For patients, this translates to a potentially better quality of life during treatment, with fewer respiratory complications that can lead to hospitalizations or dose interruptions. While immune-related adverse events still require vigilance, the overall reduction in pulmonary distress could significantly impact their daily lives. It empowers shared decision-making, allowing patients and their physicians to weigh efficacy against a more nuanced understanding of treatment-related risks, particularly those affecting a vital organ system.
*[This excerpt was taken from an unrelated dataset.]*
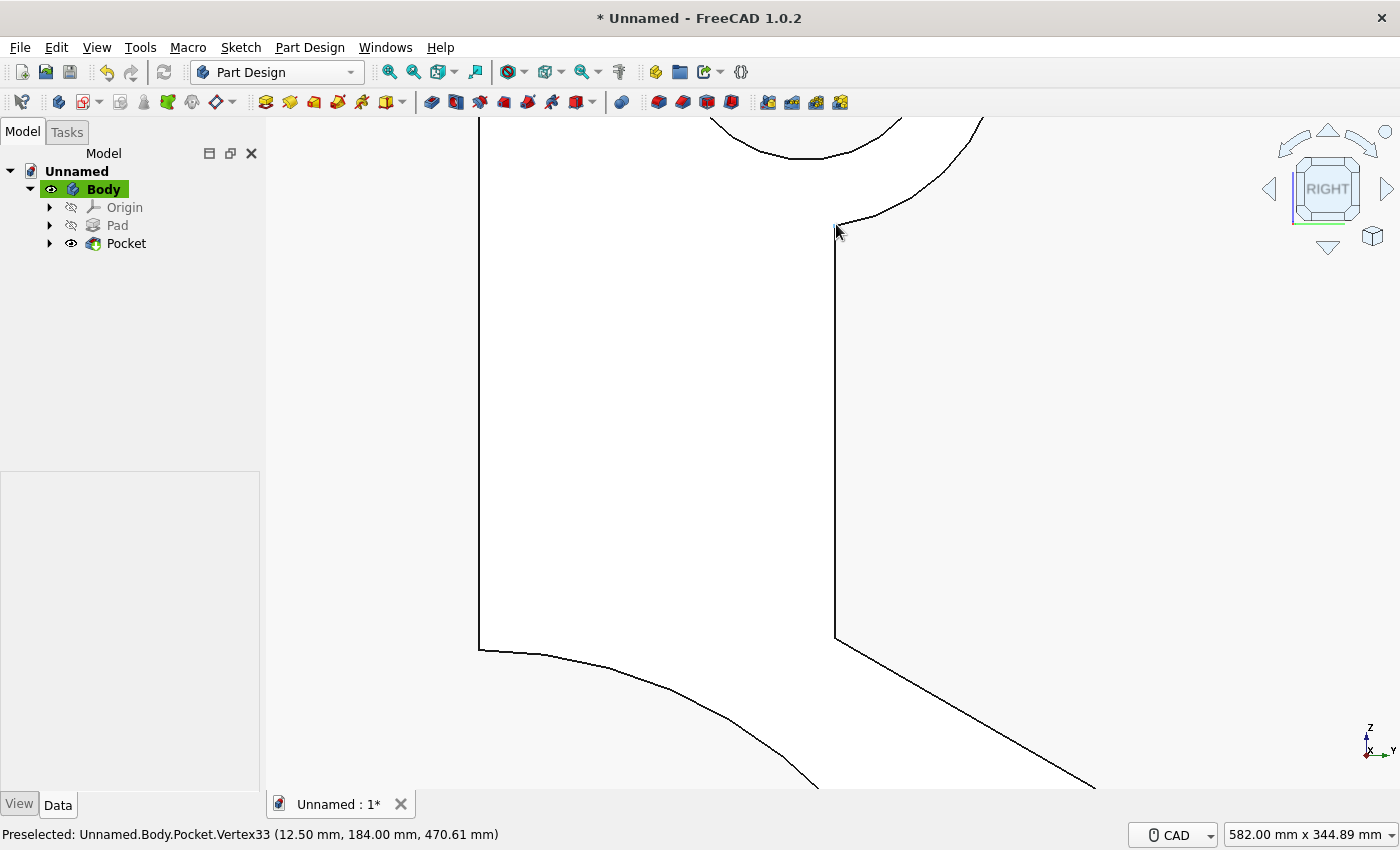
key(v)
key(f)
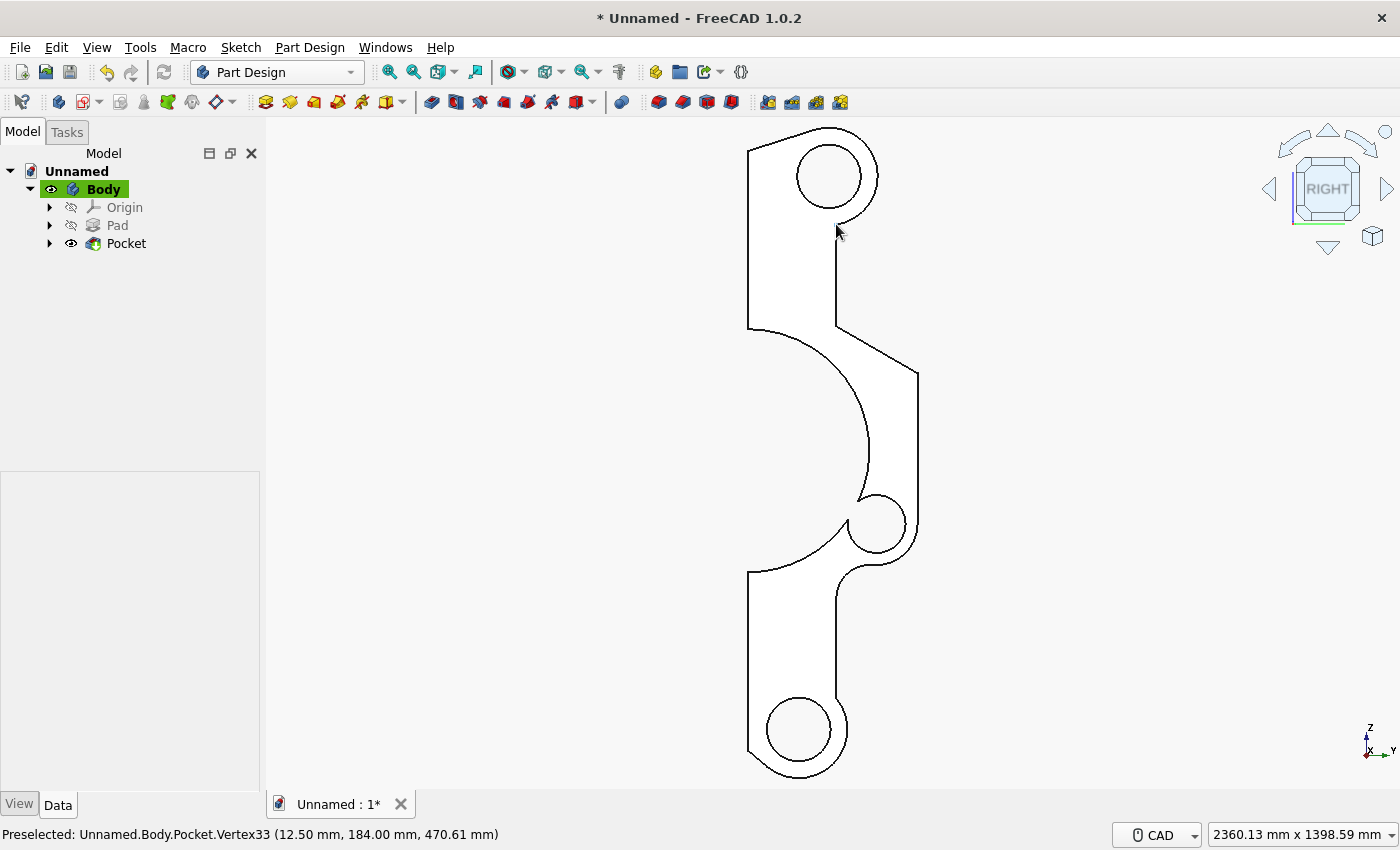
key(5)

- The Pivot Pembrolizumab monotherapy is associated with a lower rate of pulmonary adverse events compared to platinum-based chemotherapy.
- The Data The incidence of all-grade pulmonary AEs was 13.3% with pembrolizumab versus 23.9% with chemotherapy.
- The Action Clinicians should consider pembrolizumab's pulmonary safety profile when selecting first-line therapy for advanced NSCLC patients, especially those with pre-existing pulmonary comorbidities.
ART-2026-416
06/26
Cite This Article
Team TLSFE. Pembrolizumab reduces pulmonary aes vs chemotherapy in nsclc. The Life Science Feed. Published June 17, 2026. Updated June 25, 2026. Accessed June 25, 2026. https://thelifesciencefeed.com/pulmonology/bronchiectasis/news/pembrolizumab-reduces-pulmonary-aes-vs-chemotherapy-in-nsclc.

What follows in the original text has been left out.